Circadian Rhythm Disorders
A number of sleep disorders are caused by differences in an individual’s circadian rhythms. While sleep problems associated with jet lag and shift work are based on changes in the environment, these circadian sleep-wake rhythm disorders have an internal basis.
- Non-24-hour sleep-wake syndrome: People with non-24-hour sleep-wake syndrome are unable to regularly align their sleep schedule with their external environment. This is most common in those who are blind, but it can affect sighted people as well.
- Delayed sleep-wake phase disorder: Common in adolescents, people with delayed-sleep-wake phase syndrome prefer being a night owls. Although it is normal for many people to stay up late on occasion without consequences, delayed-sleep-wake phase disorder often interferes with work, school, or family responsibilities.
- Advanced sleep-wake phase disorder: People with advanced sleep-wake disorder fall asleep unusually early, then wake up very early in the morning. This sleep disorder mostly occurs in older people.
- Irregular sleep-wake rhythm disorder: People with irregular sleep-wake rhythm disorder do not have any specific sleep-wake cycle. Because of this, they may have insomnia at night, short sleep periods, and an urge to nap during the day. This disorder most often occurs in people with dementia or developmental differences.
Tips to Maintain the Circadian Rhythm That Regulates Sleep
If you feel like you need to fix your circadian rhythm, start by making sure you’re practicing healthy sleep hygiene habits. There are several strategies that can help you improve your sleep and maintain your sleep-wake cycle.
Control Your Light Exposure
Be intentional about your light exposure so that you get plenty of bright light at the beginning of your day, and limit your exposure to light as you approach bedtime.
Light is the most powerful factor in aligning your circadian rhythm.
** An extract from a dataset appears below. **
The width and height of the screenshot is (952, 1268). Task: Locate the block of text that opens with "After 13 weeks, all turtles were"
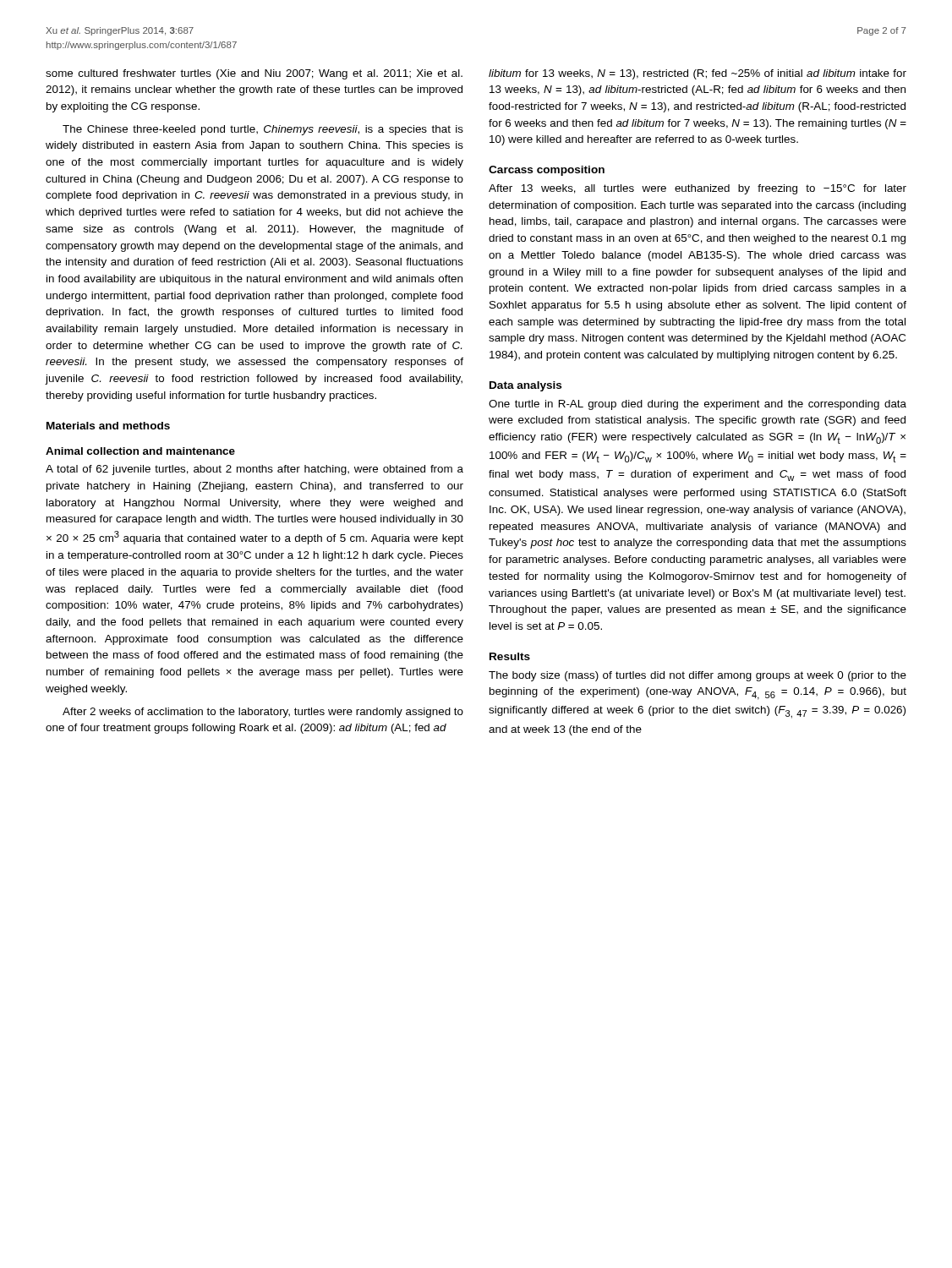coord(697,272)
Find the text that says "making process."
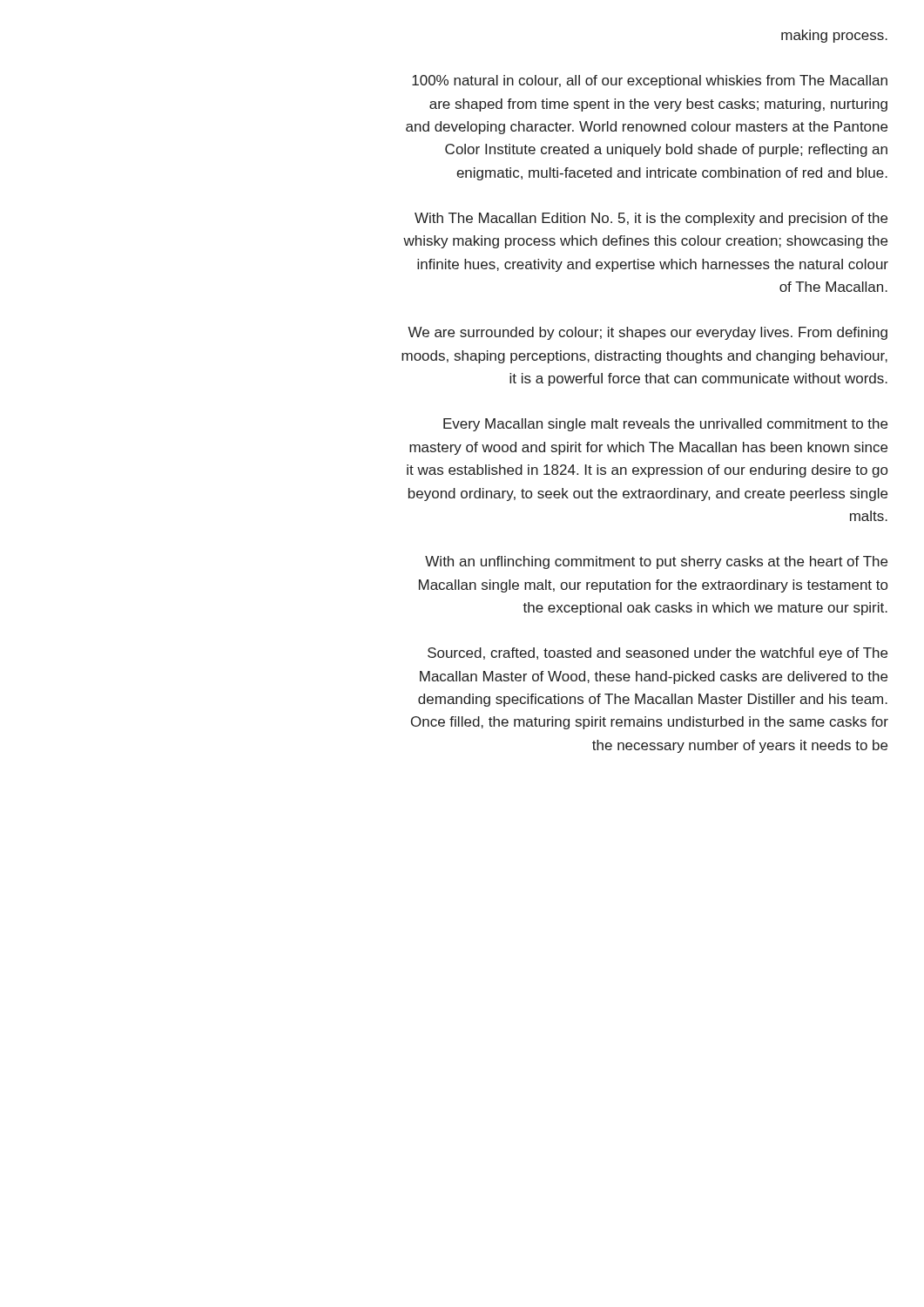 point(834,35)

Therefore, exposure to bright light during the daytime can help improve your sleep cycle. Your circadian clock is especially sensitive to sunlight during the first hour after awakening, so open your curtains or blinds or make time to step outside in the morning.
Exposing yourself to darkness in the evening and nighttime can also align your circadian clock. Avoid bright light in the evening, and keep your sleeping environment as dark as possible. Some research suggests that having even a dim light in the bedroom at night can affect circadian rhythms and cause subtle changes in the structure of sleep.
Cell phones, TVs, and other electronic devices that emit blue light are particularly disruptive to sleep and should be avoided before bedtime. Cells in the eyes that respond to light are particularly sensitive to blue light, so using these devices in the hours before bed might signal to your brain that you should be alert rather than sleepy.
Stick With a Regular Sleep Schedule
Maintaining a consistent sleep and wake schedule can help keep your circadian rhythm on track. It is best to go to bed and wake up at the same time each day, even on weekends. Research shows that having a stable daily routine helps people get to sleep faster, spend less time awake in bed, and generally experience better sleep quality.
Exercise can help you sleep better and align your circadian rhythm when it is out of sync. It is best to exercise earlier in the day and to avoid vigorous activity in the last few hours before your bedtime.